Meta's Latest AI Research Tool Creates Music From Text Prompts

Meta has just released a new generative AI tool focused on audio that can generate musical tunes based on text prompts, just the way OpenAI's Dall-E can conjure images. Named AudioCraft, Meta's image generation AI tool consists of three distinct models — MusicGen, AudioGen, and EnCodec — all of which have been pushed into the open-source domain. These models were trained on a catalog of licensed music and publicly-available sound effects, and promise high-quality music generation with minimal audio artifacts. 

Using text prompts, these models can help generate a wide range of sounds such as birds chirping, moving cards, and more. Meta says one day, the tool can even be used to create epic music as you recite bedtime stories to kids. Staying close to its social media roots, Meta hopes AudioCraft can be of great help not just for businesses, but also content creators that want to add some unique sonic pizzazz to their videos shared on platforms such as Instagram.

Another notable aspect that Meta touts is simplicity, claiming that its audio-specific AI engine is easier to use than rival platforms out there. This won't be Meta's first effort in the field of generative AI. The company also offers Voicebox, which is capable of generating audio clips in six languages while also denoising and stylizing them at the same time. Then there's CM3leon, a generative AI model focused on images and text.

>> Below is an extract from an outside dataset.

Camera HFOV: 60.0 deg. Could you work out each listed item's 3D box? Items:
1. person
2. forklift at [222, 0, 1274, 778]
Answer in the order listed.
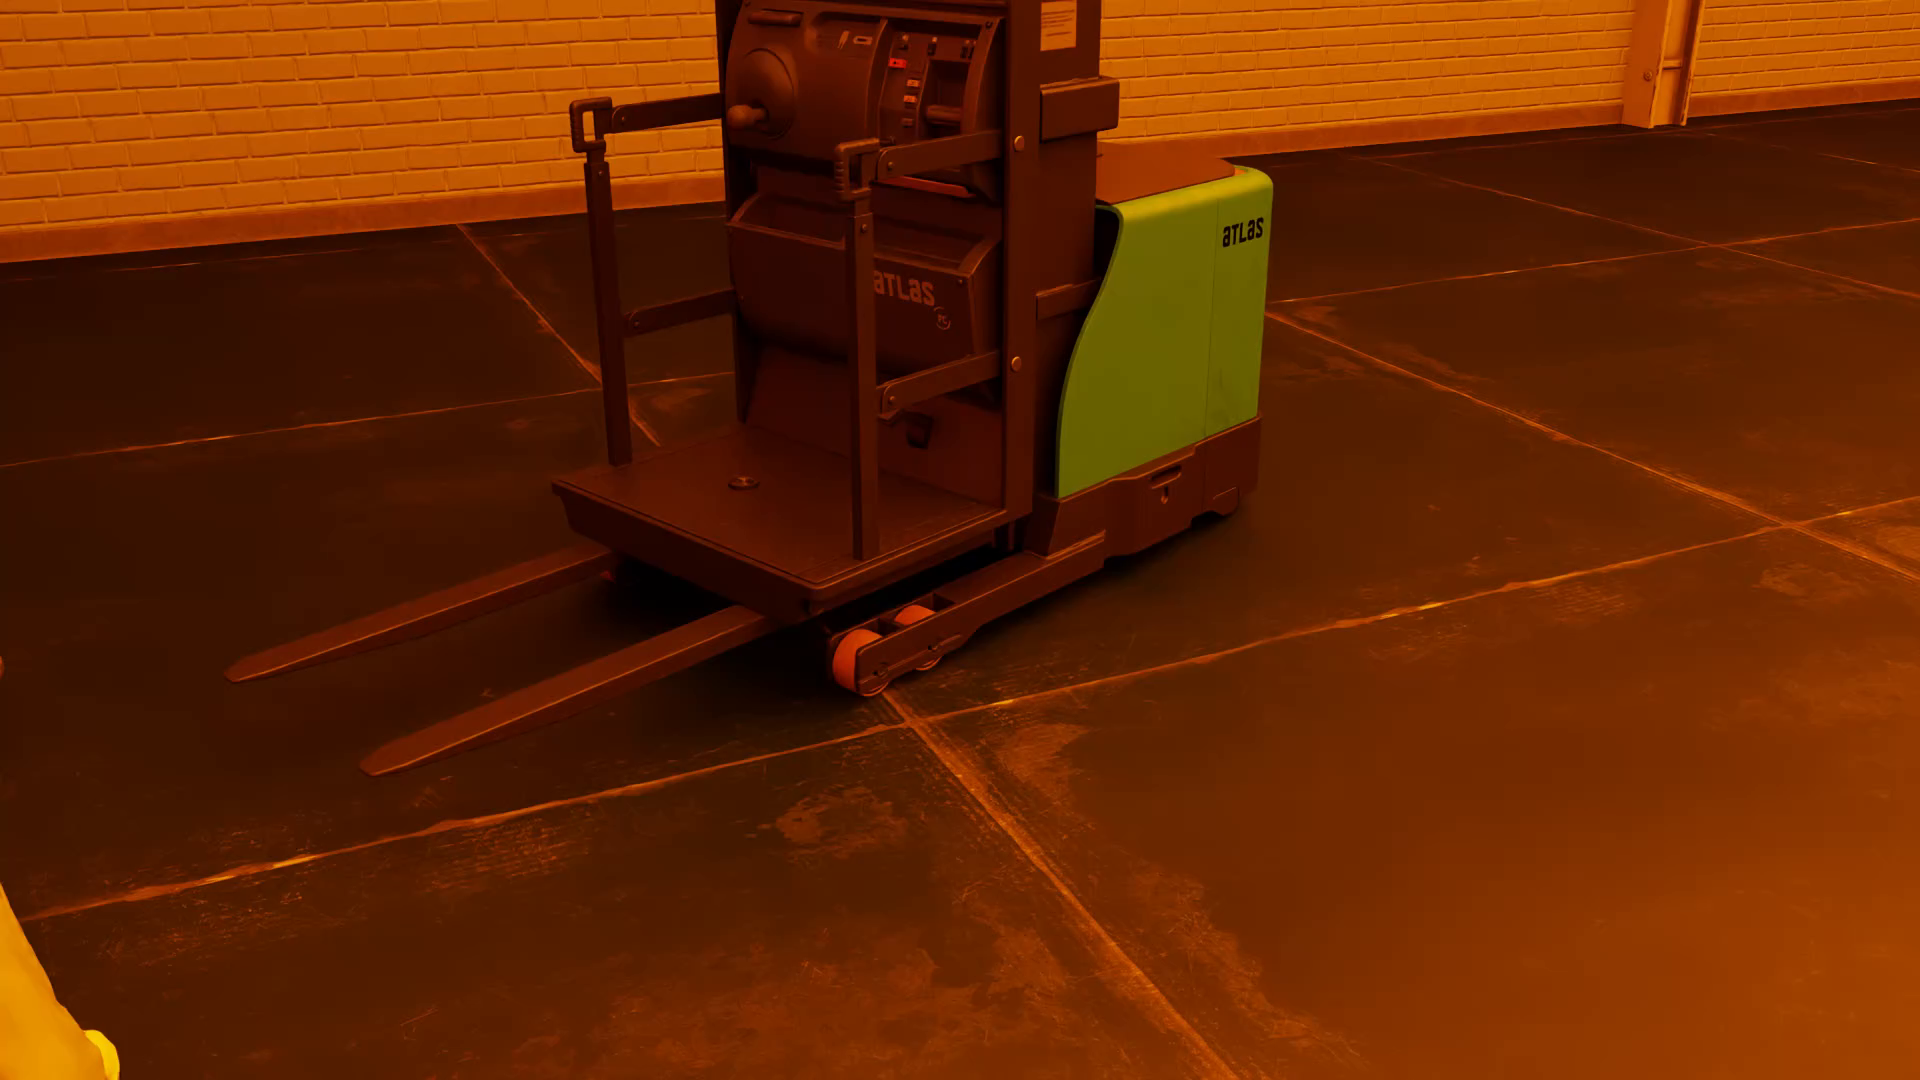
[{"bbox_3d":[-1.743,0.331,2.334,0.754,1.510,0.666,-9,24,-21],"label":"person"},{"bbox_3d":[-0.413,-1.182,4.131,1.130,2.935,3.031,19,29,39],"label":"forklift"}]

Meta wants the world to improve AudioCraft

Audiocraft relies on what Meta calls "EnCodec Neural Audio Codec," which processes audio in the same tokenized format as your regular AI chatbots like ChatGPT or Bard. From the samples shared by Meta so far, it seems you can dictate the type of tones you want and the voice sources — which can be a musical instrumental or any other object ranging from a bird to a bus — to generate a sound clip using a text prompt.

Here's a sample of a text prompt: "Earthy tones, environmentally conscious, ukulele-infused, harmonic, breezy, easygoing, organic instrumentation, gentle grooves." It produces a 30-second clip, which actually doesn't sound half-bad, as you can listen to here in Meta's blog post. As convenient as it sounds, you won't have much granular control over generating your sound clips as you would have with a real instrument in your hands or a professional synth.

MusicGen, which Meta claims was "specifically tailored for music generation," was trained using approximately 400,000 recordings and metadata worth 20,000 hours of music. But once again, the diversity of the training data is a problem and Meta recognizes that, too. The training dataset is predominantly Western-style music with corresponding audio-text data fed in the English language. To put it simply, you will have better luck generating a country music-inspired tune instead of a folk Persian melody. One of the key objectives behind pushing the project into the open-source world is to work on the diversity aspect, it seems.